■ WORK REQUIRED:
Out of the material that follows, write out exactly the lines from the line with "- rack frame (1779,1,1815,237)" to the line with "(roll, pitch, yaw))", both ends included, and no others.

■ LISTED ENTRIES:
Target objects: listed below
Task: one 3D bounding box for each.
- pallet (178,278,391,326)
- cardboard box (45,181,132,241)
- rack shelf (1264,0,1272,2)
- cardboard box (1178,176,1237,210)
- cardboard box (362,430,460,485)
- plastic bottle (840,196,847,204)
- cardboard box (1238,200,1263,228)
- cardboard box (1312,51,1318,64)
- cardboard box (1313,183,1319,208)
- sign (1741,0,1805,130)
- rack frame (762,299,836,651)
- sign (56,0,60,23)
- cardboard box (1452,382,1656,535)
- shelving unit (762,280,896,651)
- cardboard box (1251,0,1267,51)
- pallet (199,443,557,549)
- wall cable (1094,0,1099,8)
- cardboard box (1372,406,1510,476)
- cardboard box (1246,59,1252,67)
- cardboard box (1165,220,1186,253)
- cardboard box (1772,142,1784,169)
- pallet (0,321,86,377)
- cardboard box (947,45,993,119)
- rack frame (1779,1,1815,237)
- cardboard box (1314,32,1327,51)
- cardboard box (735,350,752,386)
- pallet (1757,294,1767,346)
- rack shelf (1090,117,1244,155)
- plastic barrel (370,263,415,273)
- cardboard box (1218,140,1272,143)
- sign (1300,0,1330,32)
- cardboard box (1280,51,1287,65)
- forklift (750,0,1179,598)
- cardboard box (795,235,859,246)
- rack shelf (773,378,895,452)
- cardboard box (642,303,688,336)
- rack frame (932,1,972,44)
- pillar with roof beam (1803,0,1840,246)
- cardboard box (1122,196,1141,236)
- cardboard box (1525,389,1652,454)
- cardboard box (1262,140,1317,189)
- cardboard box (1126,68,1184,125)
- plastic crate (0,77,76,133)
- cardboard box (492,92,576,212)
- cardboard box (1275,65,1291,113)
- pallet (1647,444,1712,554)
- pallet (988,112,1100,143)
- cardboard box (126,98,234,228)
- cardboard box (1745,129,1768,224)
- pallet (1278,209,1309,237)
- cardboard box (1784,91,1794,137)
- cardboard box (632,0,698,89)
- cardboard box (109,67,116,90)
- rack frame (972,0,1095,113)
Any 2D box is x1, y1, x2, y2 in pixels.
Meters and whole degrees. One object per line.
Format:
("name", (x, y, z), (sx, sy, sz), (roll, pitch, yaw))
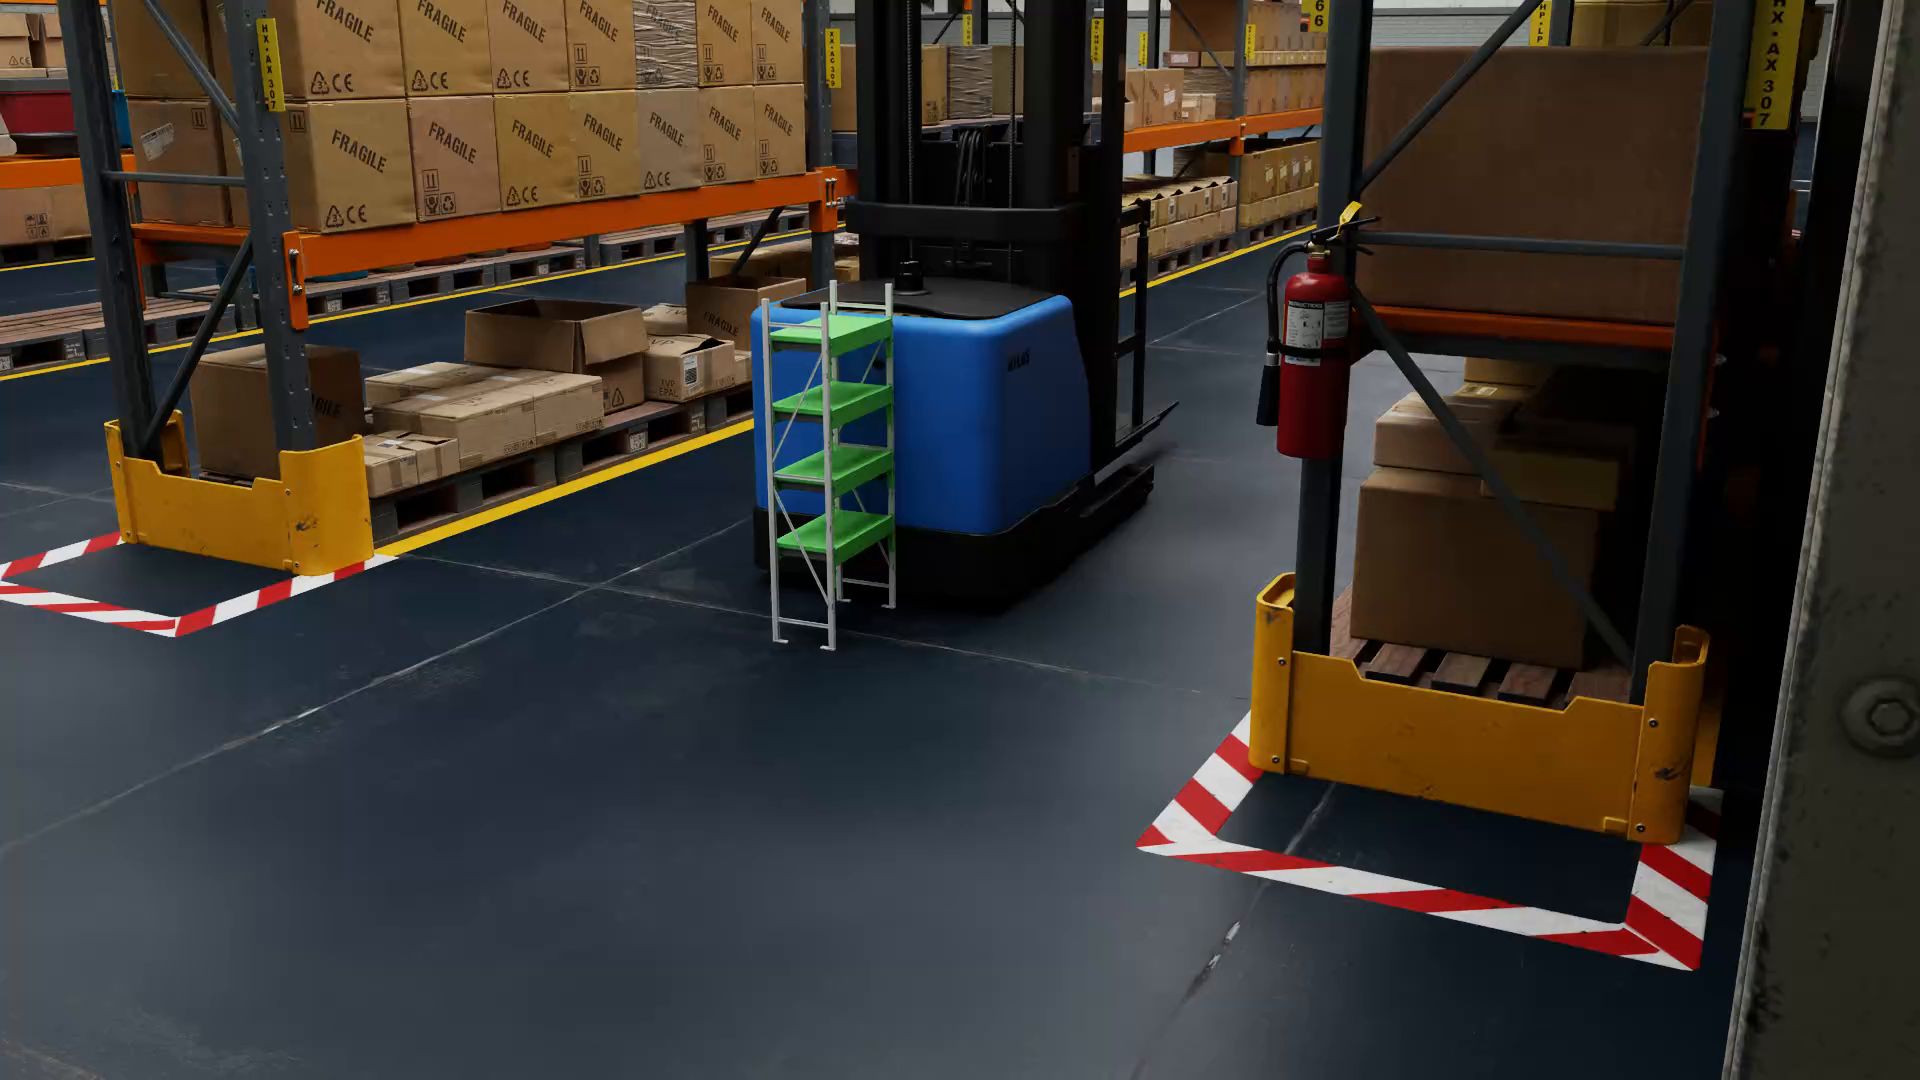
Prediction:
("pallet", (-5.265, -1.892, 13.022), (1.003, 0.211, 1.213), (8, 18, 25))
("cardboard box", (-9.023, -3.470, 16.432), (1.225, 0.875, 0.875), (8, 18, 26))
("rack shelf", (3.251, -6.046, 18.108), (1.077, 0.370, 4.000), (8, 18, 25))
("cardboard box", (2.433, -3.456, 16.499), (0.500, 0.311, 0.500), (8, 18, 25))
("cardboard box", (-2.399, -0.366, 7.193), (0.380, 0.166, 0.250), (8, 18, 25))
("plastic bottle", (-1.418, -4.091, 19.542), (0.152, 0.276, 0.135), (9, 19, 27))
("cardboard box", (2.836, -3.406, 17.317), (0.500, 0.250, 0.500), (8, 18, 25))
("cardboard box", (3.914, -5.568, 19.187), (0.380, 0.149, 0.250), (8, 18, 25))
("cardboard box", (3.957, -4.043, 19.459), (0.500, 0.250, 0.500), (8, 18, 25))
("sign", (1.922, -1.139, 3.930), (0.100, 0.325, 0.005), (8, 18, 25))
("rack frame", (-0.541, -0.208, 5.616), (0.240, 1.200, 0.015), (7, 18, 22))
("sign", (-3.492, -2.169, 6.471), (0.100, 0.325, 0.005), (8, 18, 25))
("cardboard box", (2.331, -0.344, 6.568), (0.700, 0.500, 0.500), (9, 19, 27))
("shelving unit", (-0.446, -0.271, 5.831), (0.258, 1.200, 0.503), (7, 18, 22))
("cardboard box", (2.775, -5.356, 17.335), (0.700, 0.500, 0.500), (8, 18, 25))
("pallet", (-2.615, -0.273, 7.573), (1.003, 0.211, 1.213), (8, 18, 25))
("wall cable", (5.249, -20.070, 52.820), (2.305, 6.003, 0.169), (8, 18, 25))
("cardboard box", (1.546, -0.319, 5.343), (0.380, 0.149, 0.250), (8, 18, 25))
("cardboard box", (2.763, -4.910, 16.973), (0.380, 0.149, 0.250), (8, 18, 26))
("cardboard box", (1.747, -2.796, 15.261), (0.500, 0.250, 0.500), (9, 19, 26))
("cardboard box", (4.689, -2.301, 9.910), (0.380, 0.149, 0.250), (8, 18, 24))
("pallet", (-6.485, -1.196, 10.681), (1.003, 0.211, 1.213), (8, 18, 25))
("cardboard box", (-0.190, -3.291, 11.922), (0.700, 0.500, 0.500), (12, 21, 36))
("rack frame", (8.578, -4.833, 18.029), (1.000, 3.000, 0.127), (8, 18, 25))
("cardboard box", (3.901, -6.002, 19.508), (0.700, 0.500, 0.500), (8, 18, 26))
("cardboard box", (-1.332, -0.966, 9.242), (0.380, 0.149, 0.250), (8, 18, 25))
("pallet", (5.354, -1.658, 12.235), (1.003, 0.211, 1.213), (8, 18, 25))
("rack shelf", (1.464, -3.589, 15.104), (1.077, 0.370, 4.000), (8, 18, 25))
("plastic barrel", (-4.740, -2.495, 13.788), (0.421, 0.512, 0.421), (0, 17, 0))
("cardboard box", (3.272, -4.340, 19.144), (0.500, 0.500, 0.500), (8, 18, 25))
("sign", (0.949, -1.499, 4.353), (0.100, 0.325, 0.005), (8, 18, 25))
("cardboard box", (3.340, -5.241, 18.088), (0.380, 0.149, 0.250), (8, 18, 25))
("forklift", (0.244, -1.569, 7.158), (1.130, 2.935, 3.031), (7, 18, 22))
("cardboard box", (-0.801, -1.833, 11.546), (0.500, 0.500, 0.500), (8, 18, 26))
("rack shelf", (-0.446, -0.440, 5.781), (0.258, 0.148, 0.480), (7, 18, 22))
("cardboard box", (-1.599, -1.249, 9.909), (0.500, 0.311, 0.500), (8, 18, 25))
("rack frame", (-0.285, -6.094, 22.273), (1.000, 3.000, 0.127), (8, 18, 25))
("pillar with roof beam", (5.188, -7.968, 18.048), (9.100, 9.000, 0.400), (8, 18, 25))
("cardboard box", (1.294, -2.808, 14.316), (0.500, 0.311, 0.500), (8, 18, 24))
("cardboard box", (2.113, -0.398, 5.611), (0.380, 0.149, 0.250), (8, 18, 26))
("cardboard box", (3.737, -4.274, 18.921), (0.500, 0.500, 0.500), (8, 18, 25))
("cardboard box", (1.764, -4.164, 15.600), (0.500, 0.500, 0.500), (10, 19, 29))
("plastic crate", (-6.270, -2.901, 11.306), (0.402, 0.464, 0.583), (8, 18, 25))
("cardboard box", (-2.118, -1.774, 7.553), (0.500, 0.500, 0.500), (8, 18, 25))
("cardboard box", (3.235, -4.999, 18.410), (0.700, 0.500, 0.500), (9, 19, 27))
("pallet", (2.806, -0.256, 7.516), (1.003, 0.211, 1.213), (8, 18, 25))
("pallet", (0.330, -3.151, 12.703), (1.213, 0.211, 1.003), (8, 18, 25))
("cardboard box", (-3.048, -1.584, 6.913), (0.500, 0.500, 0.500), (9, 19, 27))
("cardboard box", (2.959, -1.784, 7.237), (0.980, 0.700, 0.700), (8, 19, 26))
("pallet", (3.294, -3.616, 18.828), (1.003, 0.211, 1.213), (8, 18, 25))
("cardboard box", (5.028, -2.842, 10.591), (0.500, 0.500, 0.500), (8, 18, 26))
("cardboard box", (-1.664, -2.512, 8.283), (0.500, 0.500, 0.500), (8, 18, 26))
("cardboard box", (-8.518, -4.451, 16.565), (0.500, 0.500, 0.500), (8, 18, 25))
("rack frame", (0.570, -3.425, 13.287), (1.000, 3.000, 0.127), (8, 18, 25))

■ EXPECTED ANSWER:
- rack frame (1779,1,1815,237)
- cardboard box (1314,32,1327,51)
- cardboard box (735,350,752,386)
- pallet (1757,294,1767,346)
- rack shelf (1090,117,1244,155)
- plastic barrel (370,263,415,273)
- cardboard box (1218,140,1272,143)
- sign (1300,0,1330,32)
- cardboard box (1280,51,1287,65)
- forklift (750,0,1179,598)
- cardboard box (795,235,859,246)
- rack shelf (773,378,895,452)
- cardboard box (642,303,688,336)
- rack frame (932,1,972,44)
- pillar with roof beam (1803,0,1840,246)
- cardboard box (1122,196,1141,236)
- cardboard box (1525,389,1652,454)
- cardboard box (1262,140,1317,189)
- cardboard box (1126,68,1184,125)
- plastic crate (0,77,76,133)
- cardboard box (492,92,576,212)
- cardboard box (1275,65,1291,113)
- pallet (1647,444,1712,554)
- pallet (988,112,1100,143)
- cardboard box (126,98,234,228)
- cardboard box (1745,129,1768,224)
- pallet (1278,209,1309,237)
- cardboard box (1784,91,1794,137)
- cardboard box (632,0,698,89)
- cardboard box (109,67,116,90)
- rack frame (972,0,1095,113)
Any 2D box is x1, y1, x2, y2 in pixels.
Meters and whole degrees. One object per line.
Format:
("name", (x, y, z), (sx, sy, sz), (roll, pitch, yaw))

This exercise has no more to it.